# What to do about original contents?



## living4thesavior (Jun 13, 2005)

I need advice on four bottles I purchased at a thrift store.
 They still have the original corks and some of the original contents in them, as well as part of the labels.  I think having the stuff that came in the bottles is supposed to make them more valuable, but it's really disgusting slimy stuff. [:'(]

 I do not have the whole label on any one of the bottles, but I pieced together what it says:


Ever Gloss
 =========================
The newest and best preparation for
 renewing pianos and the finest of fur-
 nature.  It will remove scratches and
 bad spots immediately.  Can also be
 used on all stained, grained, and
 enameled work.
 --------------------------------
 Manufactured by the
 Ever Gloss Polish Co.
 Buffalo, N. Y. 
 --------------------------------
PRICE - 25 CENTS
 --------------------------------
 DIRECTIONS
Shake well before using.
 Apply with a cotton or other soft cloth,
 rubbing all parts thoroughly after 
 polish is applied​ 

 I need to know what to do with the original "furniture polish" stuff.  It is all over the inside of the bottles, and I think they would look much nicer if I took it out.  I don't want to do that unless I'm certain I should, though.

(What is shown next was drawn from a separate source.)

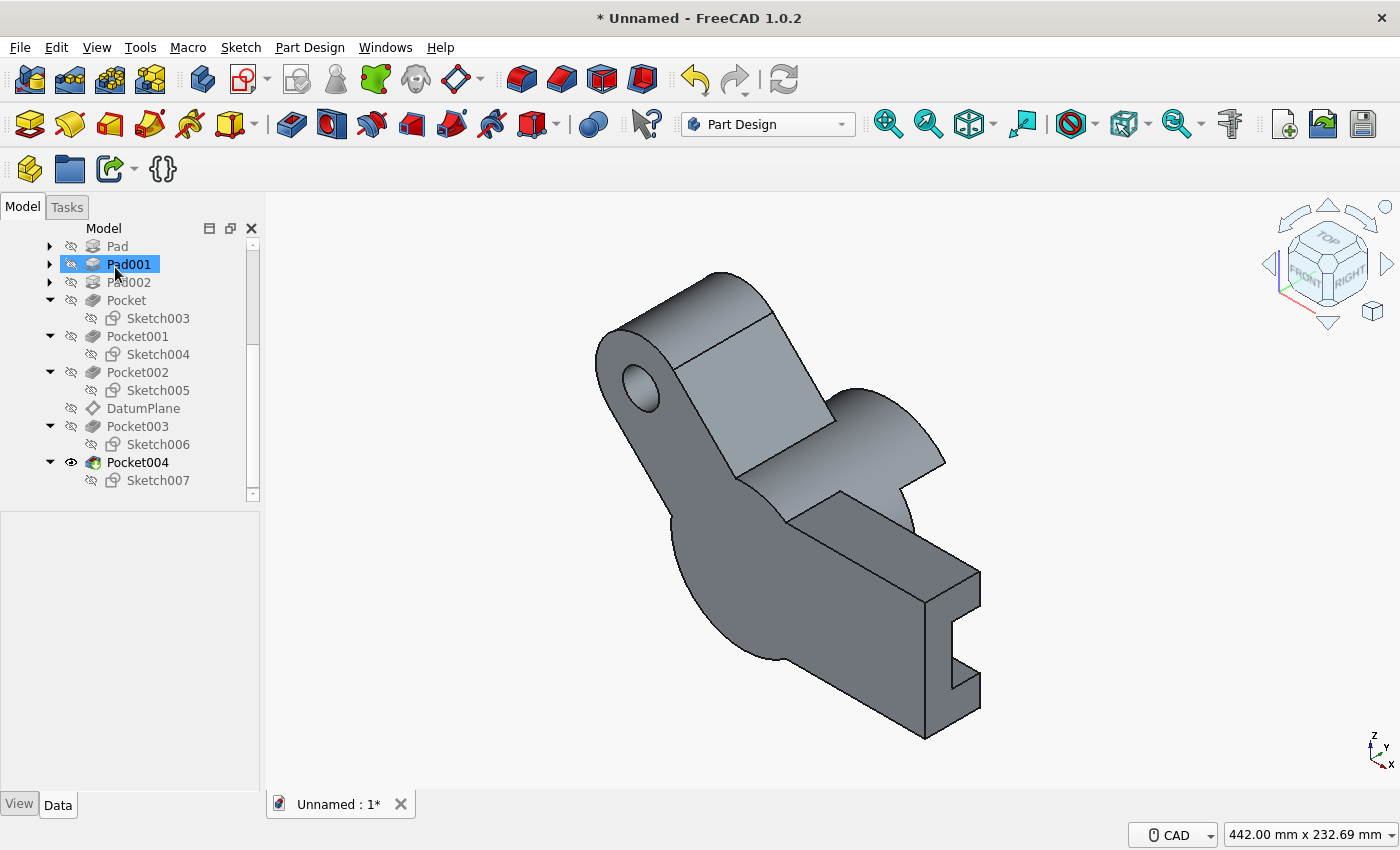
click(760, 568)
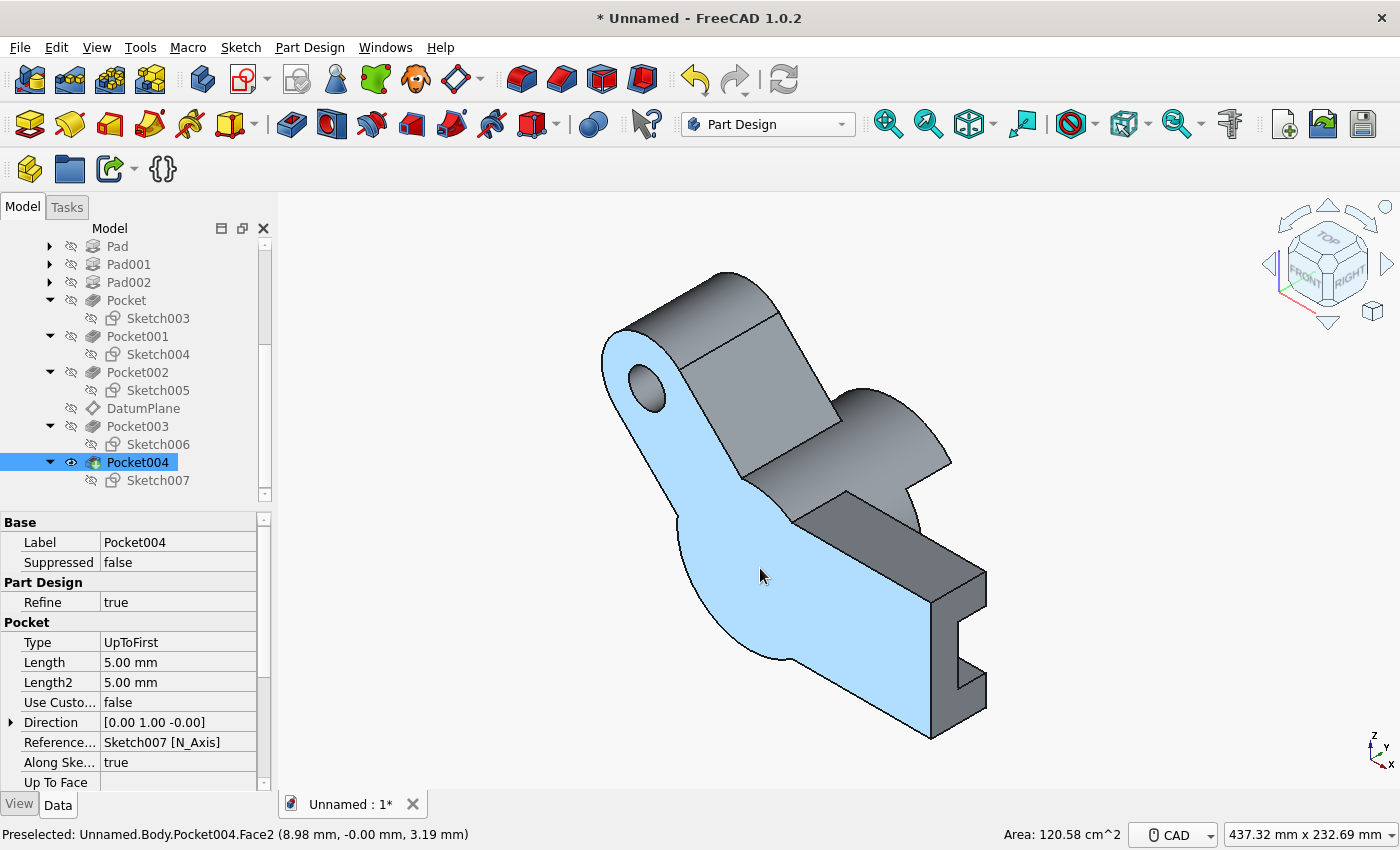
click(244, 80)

 To wash or not to wash, that is the question. []


----------



## living4thesavior (Jun 13, 2005)

*Photos*

Here are some photos for clarification.


 Front View:







 Side View:






 Label Close-up:


----------



## digdug (Jun 13, 2005)

I agree with you, I always like taking out the gunk and crud out of my bottles. But, I take a few precautions when I do it. First, I would do it outside away from any pilot lights, etc. I am sure it is a petroleum based product since it is a furniture polish. After this many years the fumes will be strong! I would even wear gloves and eye protection.
 The other problem is getting cork out. I have used a cork screw before, but I've also broken a bottle or two using it.  You may be able to whittle it out a piece at a time. Cleaning is just a matter of being very careful that you don't get labels wet, etc.  And-you can't just dump any kind of cleaning agent into it, it could cause a chemical reaction. Soap and water would be best to start out with. I am speaking from past experience!  I found out about the pilot light the hard way when I was 12 years old.  And the chemical reaction at 13! So- be careful and post an 'after' cleaning photo!


----------



## living4thesavior (Jun 13, 2005)

Thanks for the tips!  I'm fairly new to bottle collecting, past experiences are always the best way to learn what NOT to do.

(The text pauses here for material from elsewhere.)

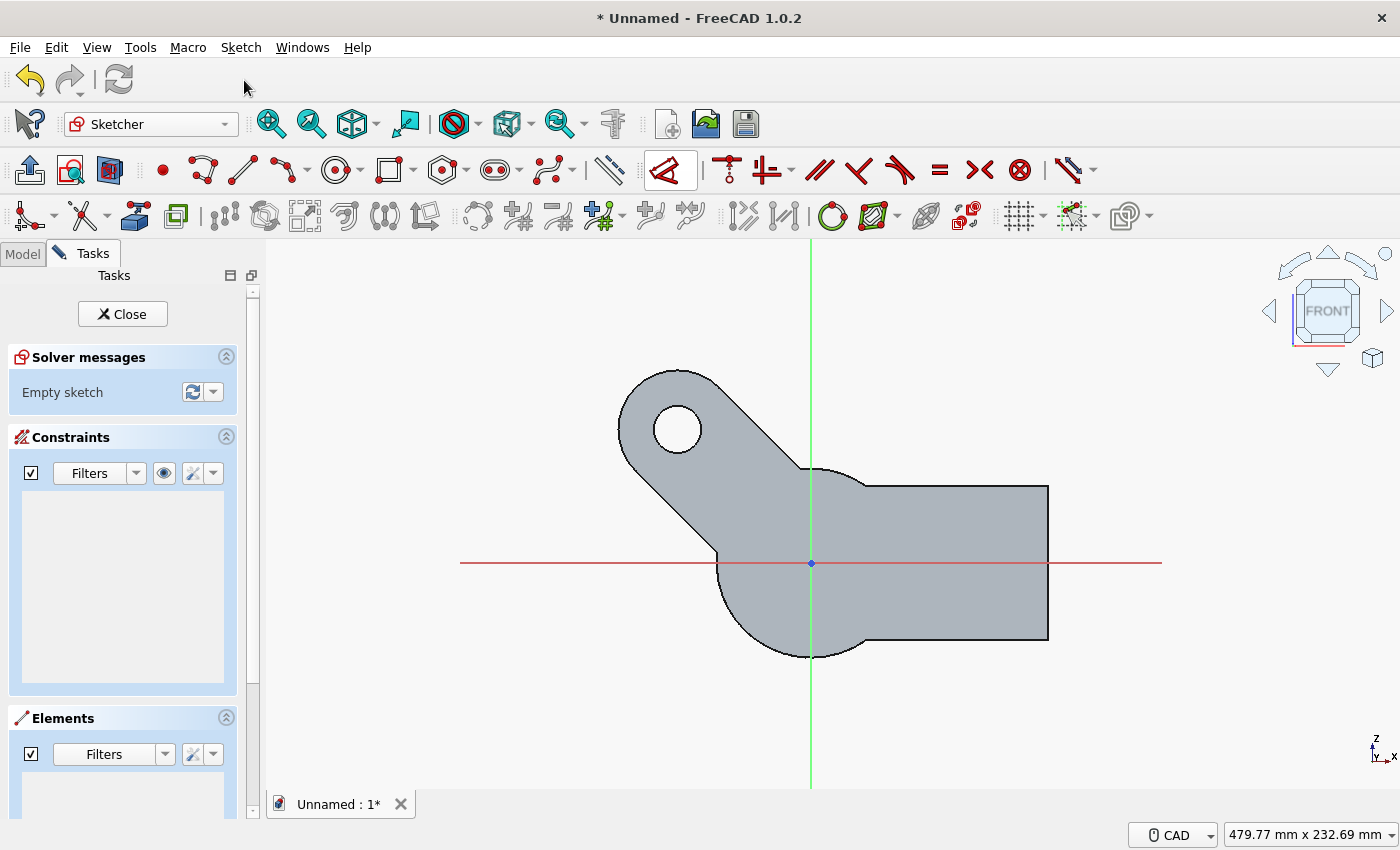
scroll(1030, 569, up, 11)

 So, you think I should clean the yuck out?  I just wanted to be sure that I wouldn't be dumping away the value of the bottles, but I didn't think anyone would pay more for all that goop inside them. []


----------



## living4thesavior (Jun 13, 2005)

Does anyone have any idea on what the age and rarity of these bottles is?
 I looked up "Ever Gloss Polish Co" on Google, but I couldn't find anything on the company -- just nail polish.  [sm=rolleyes.gif]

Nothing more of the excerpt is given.